If an entry holds a picture, skip the picture but copy everything else exactly.
-- Material supplied follows --
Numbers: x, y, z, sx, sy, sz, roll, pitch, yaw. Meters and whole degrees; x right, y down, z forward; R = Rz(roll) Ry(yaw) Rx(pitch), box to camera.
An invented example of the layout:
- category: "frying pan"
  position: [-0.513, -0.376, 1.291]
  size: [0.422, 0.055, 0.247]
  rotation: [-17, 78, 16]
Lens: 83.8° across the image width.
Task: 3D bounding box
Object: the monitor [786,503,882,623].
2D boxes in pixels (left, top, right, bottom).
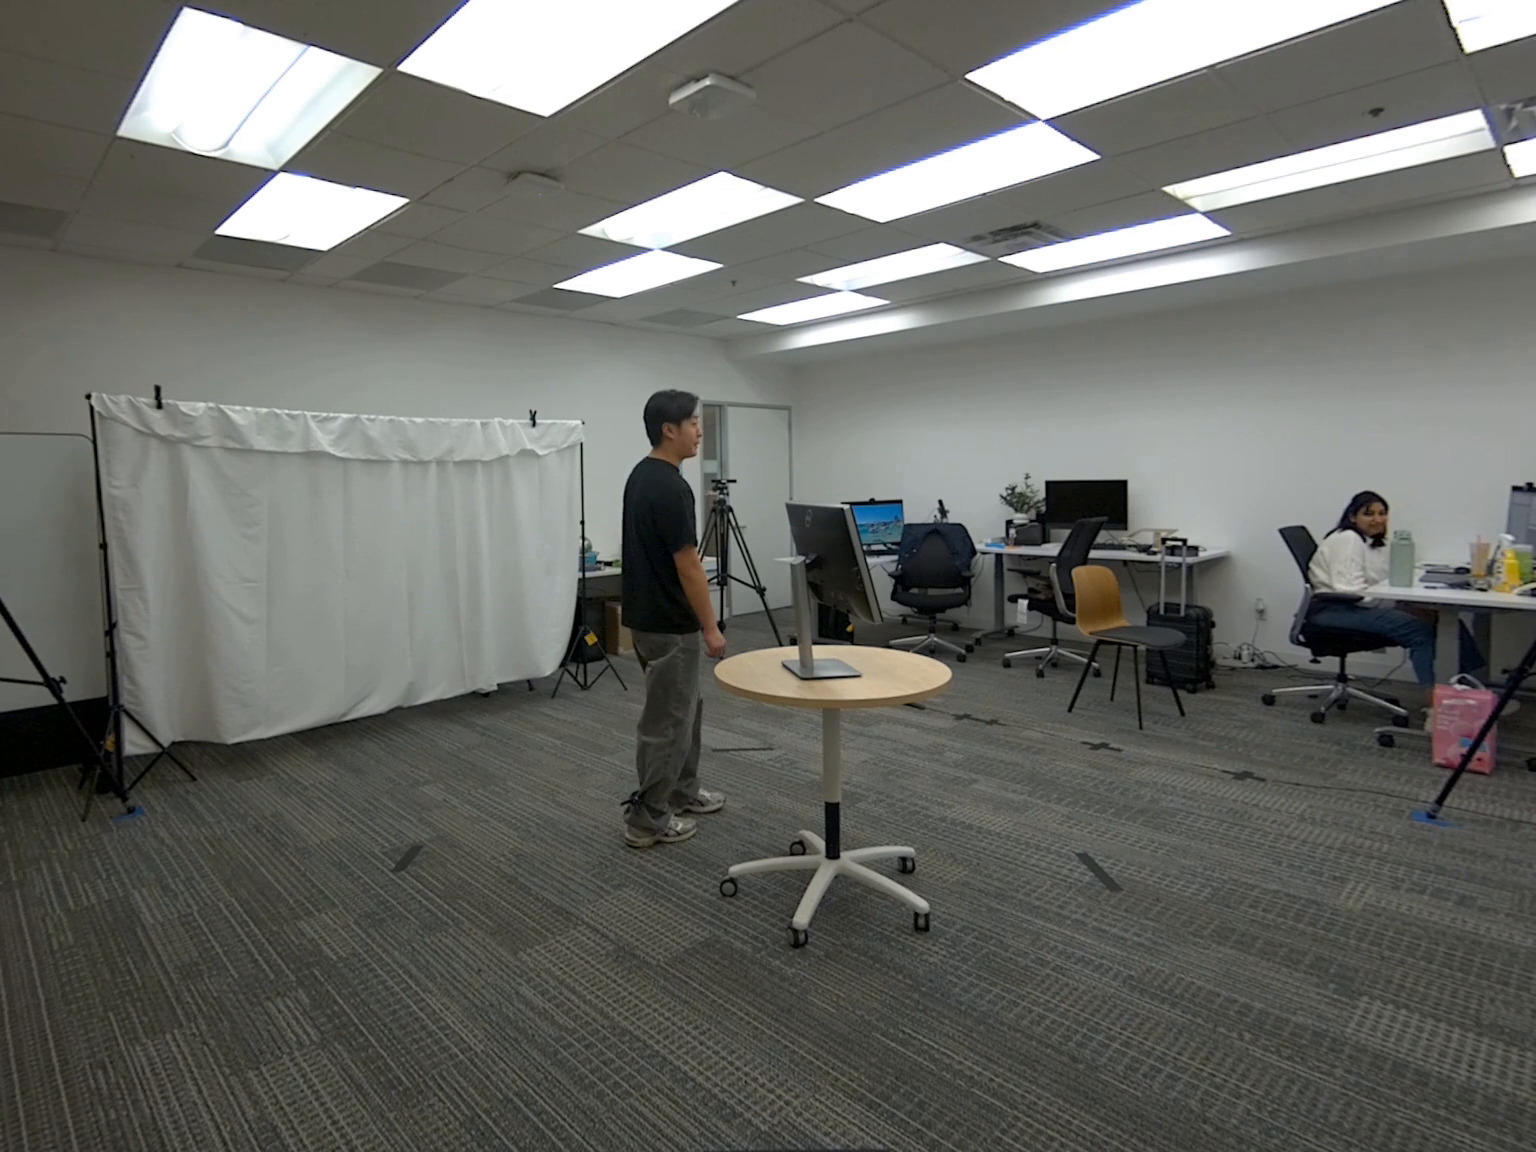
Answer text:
- category: "monitor"
  position: [0.180, 0.045, 2.754]
  size: [0.220, 0.563, 0.571]
  rotation: [-1, 5, -13]
-- Material supplied concluded --
◆ **Solution**
Numbers: x, y, z, sx, sy, sz, roll, pitch, yaw. Meters and whole degrees; x right, y down, z forward; R = Rz(roll) Ry(yaw) Rx(pitch), box to camera.
An invented example of the layout:
- category: "frying pan"
  position: [-0.513, -0.376, 1.291]
  size: [0.422, 0.055, 0.247]
  rotation: [-17, 78, 16]
Lens: 83.8° across the image width.
Task: 3D bounding box
Object: the monitor [786,503,882,623].
2D boxes in pixels (left, top, right, bottom).
Answer text:
- category: "monitor"
  position: [0.180, 0.045, 2.754]
  size: [0.220, 0.563, 0.571]
  rotation: [-1, 5, -13]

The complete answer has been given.